Executive Night in 1974, held at the Royal Sonesta, was attended by 181 members and guests. Senator J. Bennett Johnston was the guest speaker for the evening.

The 1975 AAPL annual convention was held in New Orleans at the Marriott Hotel, June 18 through June 20. Among the activities enjoyed by the 1400 attendees were golf and tennis tournaments for the men, and for the ladies, there were brunches at Commanders Palace and The Court of Two Sisters, a Garden District home tour and a Mint Julep Party on board the "River Queen." For the children, there was a bayou trip on the "Cotton Blossom," and swimming, streetcar and magic parties.

In August of 1975, AAPL President and PLANO member, Wayne A. Blankenship, Jr., spoke at a meeting of the Rotary Club of New Orleans held at the Plimsoll Club on "Who and What Finds Oil." TV coverage of an interview with Mr.

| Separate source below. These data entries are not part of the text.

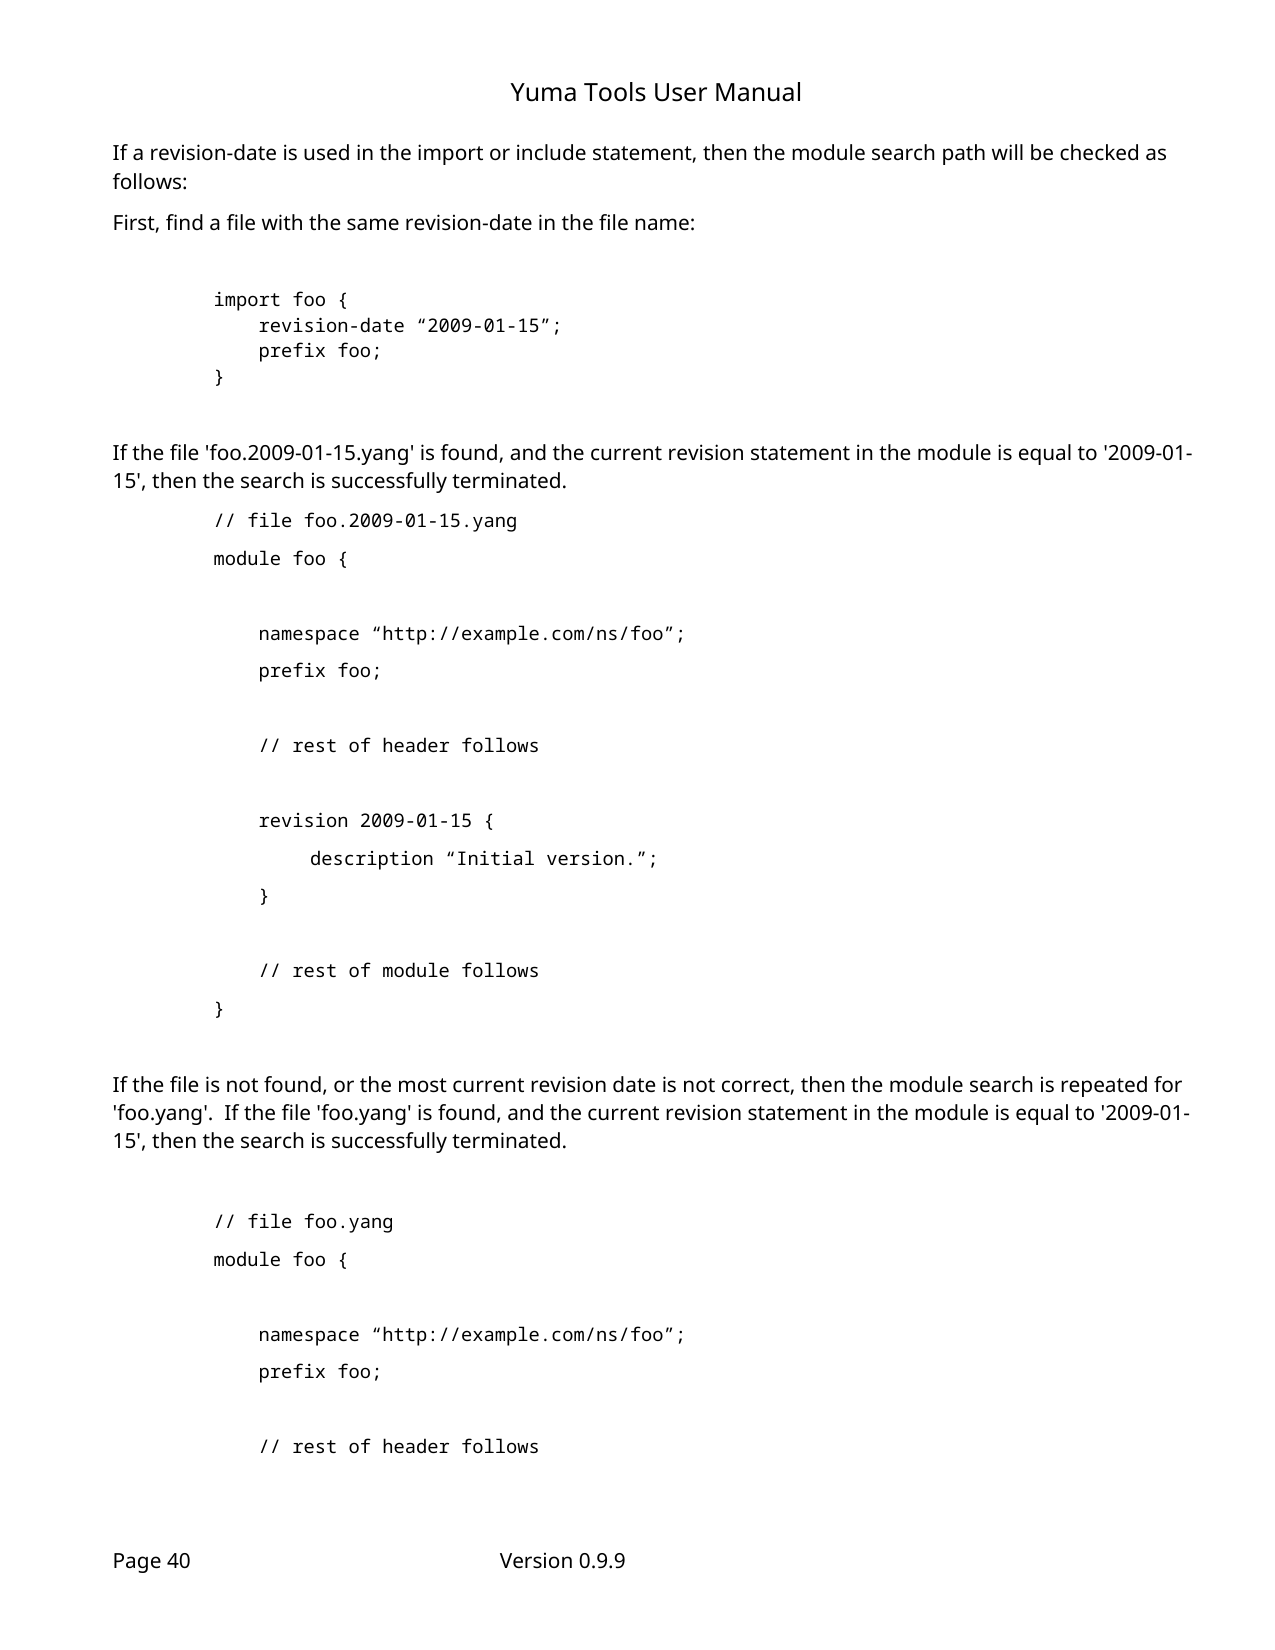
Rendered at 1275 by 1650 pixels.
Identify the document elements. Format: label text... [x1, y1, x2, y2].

text revision 2009-01-15 { [139, 807, 1200, 833]
text namespace “http://example.com/ns/foo”; [139, 1321, 1200, 1347]
text // file foo.2009-01-15.yang [139, 507, 1200, 533]
text If the file is not found, or the most current revision date is not correct, then the module search is repeated for 'foo.yang'. If the file 'foo.yang' is found, and the current revision statement in the module is equal to '2009-01-15', then the search is successfully terminated. [112, 1070, 1200, 1155]
text First, find a file with the same revision-date in the file name: [112, 208, 1200, 236]
text module foo { [139, 1246, 1200, 1272]
text If a revision-date is used in the import or include statement, then the module search path will be checked as follows: [112, 138, 1200, 195]
text prefix foo; [139, 657, 1200, 683]
text If the file 'foo.2009-01-15.yang' is found, and the current revision statement in the module is equal to '2009-01-15', then the search is successfully terminated. [112, 438, 1200, 495]
text } [139, 995, 1200, 1020]
text // rest of module follows [139, 957, 1200, 983]
text // file foo.yang [139, 1208, 1200, 1234]
text } [139, 882, 1200, 908]
text import foo { revision-date “2009-01-15”; prefix foo; } [139, 286, 1200, 388]
text namespace “http://example.com/ns/foo”; [139, 620, 1200, 645]
text // rest of header follows [139, 1433, 1200, 1459]
text module foo { [139, 545, 1200, 570]
text // rest of header follows [139, 732, 1200, 758]
text prefix foo; [139, 1358, 1200, 1384]
text description “Initial version.”; [139, 845, 1200, 870]

Blankenship lead to a later meeting with the TV reporter about putting together a one-half hour film special on various steps leading up to the drilling of a well, such as land, geology and geophysics.

In April of 1976, the PLANO Board of Directors recommended that PLANO adopt an emblem. Members submitted entries for consideration, and PLANO adopted the emblem that is still in use today.

Among the distinguished guest speakers at PLANO functions in 1979 was Representative Bob Livingston, who spoke at a PLANO general meeting held on January 8, 1979, at the New Orleans Hilton, regarding the prospects for energy in the 96th Congress and price decontrol. Furthermore, PLANO was honored to have Dr. James R. Schlesinger, Secretary of the Department of Energy, as guest speaker for the April 10, 1979 Executive Night, held at the Hilton Hotel. Governor Edwards attended the dinner and Dr. Schlesinger's address was the lead story on the front page of The Times-Picayune dated April 11, 1979.

Throughout the 1970's, PLANO social events included the annual golf and tennis tournament, a crawfish and seafood boil, a beer party, a cocktail party and Christmas Dance. Lunch meetings were frequently held at the Petroleum Club or at Kolb's restaurant. During the 1970's, the per person cost at a typical PLANO lunch meeting rose from $3.75 in 1971 to $7.50 in 1979.

In the late 1970's and early 1980's, the U.S. economy was in a recession, which adversely impacted the oil and gas industry. At the same time, the industry faced new tax threats, such as the Coastal Wetlands Environmental Tax Levy, and detrimental legislation. PLANO and AAPL actively urged members to contact elected officials to repeal past legislation. Despite these and other problems, the industry was attempting to meet public demand for increased production. During this time, PLANO membership burgeoned. Total PLANO membership stood at 528 in 1979.